The Opinionated Psoas, Part 1

By Thomas Myers

Illustrations by Andrew Mannie

Originally published in Massage Bodywork magazine, February/March 2001.
Copyright 2003. Associated Bodywork and Massage Professionals. All rights reserved.

The psoas is a fascinating muscle. I joke with my students that when they go to visit the Rolf Institute, after they light a candle on the altar to Ida Rolf, they will have to go over and light another stick of incense at the altar to the psoas muscle. Not a word of truth in it, of course. One of the things that drew me to Rolfing in the first place was its warm-hearted and clear-headed resistance to orthodoxy; but Dr. Rolf and Rolfing(R) did have a lot to do with putting the psoas on the bodywork map. Not that she was alone in worshipping this muscle; various dance teachers have gotten excited about it, and one yoga teacher even wrote a book devoted solely to the psoas.1

There are a couple of reasons why the psoas was not on the map 25 years ago when I first took up bodywork -- out of sight and out of mind. Out of sight because it is deep in the body, and does not show up on a chart of the surface muscles. Out of mind because every function the psoas performs can be duplicated by one or more of these surface muscles. It is also difficult to feel inside yourself unless your attention is specifically called to it, and even then it can take some sustained effort. A quarter century ago, the response in most physiotherapy, medical and even massage circles to "psoas" was "so what?"

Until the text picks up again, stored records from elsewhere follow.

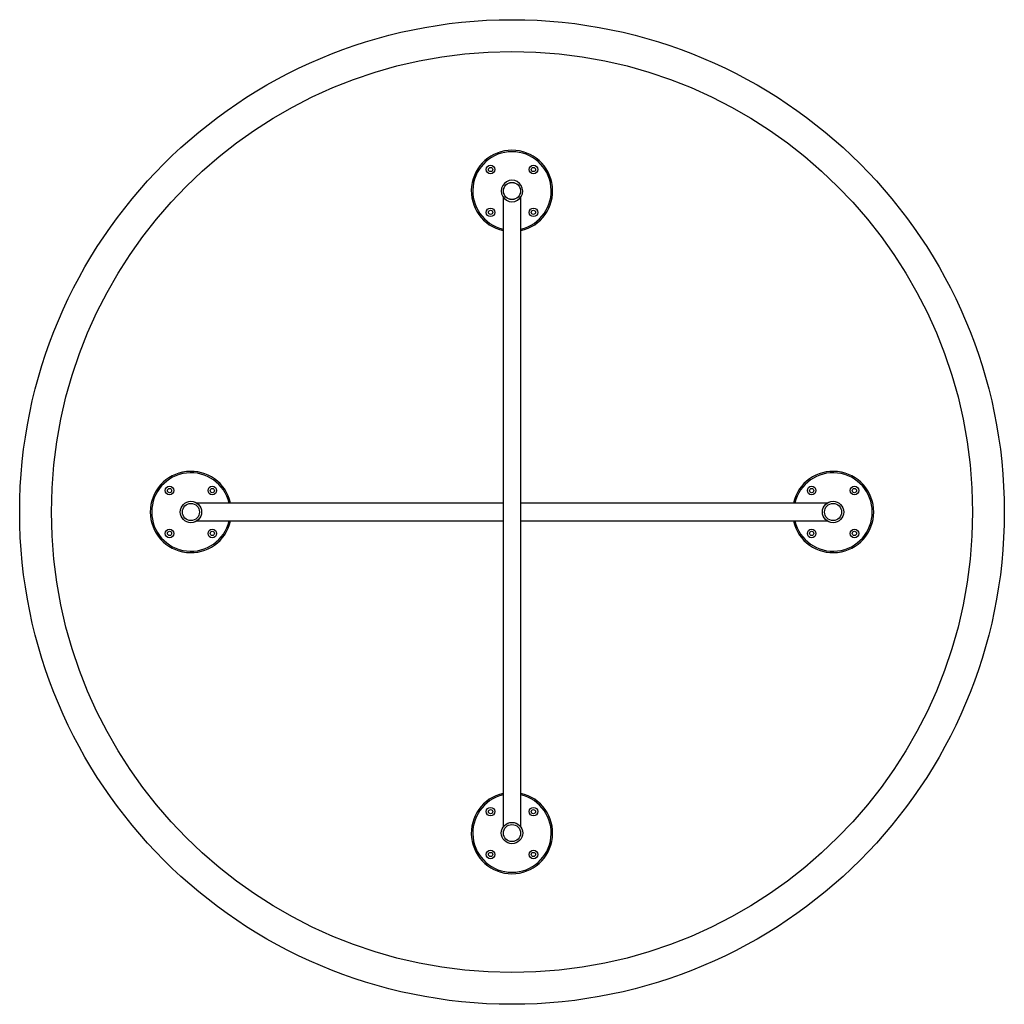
# Paper-space layout '_Bottom' of a CAD drawing. Header units: millimetres. Extents: x -794 to 586, y 510 to 1890.
import ezdxf

# ---------------------------------------------------------------- set-up
doc = ezdxf.new("R2010")
doc.units = ezdxf.units.MM

psp = doc.layouts.new('_Bottom')

# ---------------------------------------------------------------- linework, layer by layer
at = {"color": 7, "linetype": 'Continuous', "lineweight": 25}
for p, q in [((-116.4, 1641.5), (-116.4, 758.4)), ((-91.4, 758.3), (-91.4, 1641.5)), ((-116.4, 1212.5), (-545.6, 1212.5)), ((337.8, 1212.5), (-91.4, 1212.5)), ((-545.5, 1187.5), (-116.4, 1187.5)), ((-91.4, 1187.5), (337.7, 1187.5))]:
    psp.add_line(p, q, dxfattribs=at)
for centre, radius in [((-103.9, 1200), 690), ((-103.9, 1200), 645.5), ((-133.9, 1680), 6), ((-73.9, 1680), 6), ((-133.9, 1680), 3), ((-73.9, 1680), 3), ((-103.9, 1650), 12), ((-103.9, 1649.8), 12), ((-133.9, 1620), 6), ((-133.9, 1620), 3), ((-73.9, 1620), 6), ((-73.9, 1620), 3), ((-583.9, 1230), 6), ((-583.9, 1230), 3), ((-523.9, 1230), 6), ((-523.9, 1230), 3), ((316.1, 1230), 6), ((316.1, 1230), 3), ((376.1, 1230), 6), ((376.1, 1230), 3), ((-553.9, 1200), 15), ((-553.9, 1200), 15), ((346.1, 1200), 15), ((346.1, 1200), 15), ((-553.9, 1200), 12), ((-553.9, 1200), 12), ((346.1, 1200), 12), ((346.1, 1200), 12), ((-583.9, 1170), 6), ((-523.9, 1170), 6), ((-523.9, 1170), 3), ((316.1, 1170), 6), ((316.1, 1170), 3), ((376.1, 1170), 6), ((376.1, 1170), 3), ((-583.9, 1170), 3), ((-133.9, 780), 6), ((-133.9, 780), 3), ((-73.9, 780), 6), ((-73.9, 780), 3), ((-103.9, 750), 15), ((-103.9, 750), 15), ((-103.9, 750), 12), ((-103.9, 750), 12), ((-133.9, 720), 6), ((-133.9, 720), 3), ((-73.9, 720), 6), ((-73.9, 720), 3)]:
    psp.add_circle(centre, radius, dxfattribs=at)
for centre, radius, start, end in [((-103.9, 1650), 57, 282.6678, 257.3322), ((-103.9, 1650), 55, 283.1366, 256.8634), ((-103.9, 1650), 15, 360, 180.3606), ((-103.9, 1649.8), 15, 179.6394, 0.3606), ((-553.9, 1200), 57, 12.6678, 347.3322), ((346.1, 1200), 57, 192.6678, 167.3322), ((-553.9, 1200), 55, 13.1366, 346.8634), ((346.1, 1200), 55, 193.1366, 166.8634), ((-103.9, 750), 57, 102.6678, 77.3322), ((-103.9, 750), 55, 103.1366, 76.8634)]:
    psp.add_arc(centre, radius, start, end, dxfattribs=at)

doc.saveas('drawing.dxf')

Things have changed. Last year, I was teaching a workshop in a city noted for its medical work, in a facility that did sophisticated assessments for workers' compensation and athletic injuries. The physiotherapist in charge linked nearly everything he saw to the psoas. Spinal twist? Must be the psoas. Leg length discrepancy? Let's check the psoas. Radiculopathy in the neck? You guessed it -- the psoas was responsible.

FIG. 1 - The psoas is in a unique position, with many important neighboring structures.
There are also a couple reasons why the psoas has climbed the charts to be a hit on almost everyone's list: centrality and connection. The psoas links top to bottom, inside to outside, axial to appendicular, and breathing to walking, to name some of the major connections it makes. The psoas provides part of the root support for the diaphragm (as we will see later) and definitely provides the highest and most important initiation of walking. It's at least an arguable opinion the legs start at T12-L1, and the psoas begins the division into "two-ness" which culminates in our bipedal walking.

The neighbors of the psoas are also very influential -- the hip joints, lumbar spine, sacrolumbar junction, thoracicolumbar junction, kidneys, adrenals, iliac arteries, solar plexus, lumbar plexus (which lies within the psoas) and, of course, diaphragm. See Fig. 1.

The psoas arises at the top from numerous small attachments on the lateral side of the body and the front side of the transverse processes of the five lumbar vertebrae and the 12th thoracic. All these individual slips gather together to run down and forward to the iliopectinial ridge, right over the front of the hip joint, and then down and back to the lesser trochanter on the inside corner of the "7" shape of the femur. It is widely agreed the psoas is a hip flexor. From there on out, there is a lot of controversy about its other functions, and its role in posture and everyday movement.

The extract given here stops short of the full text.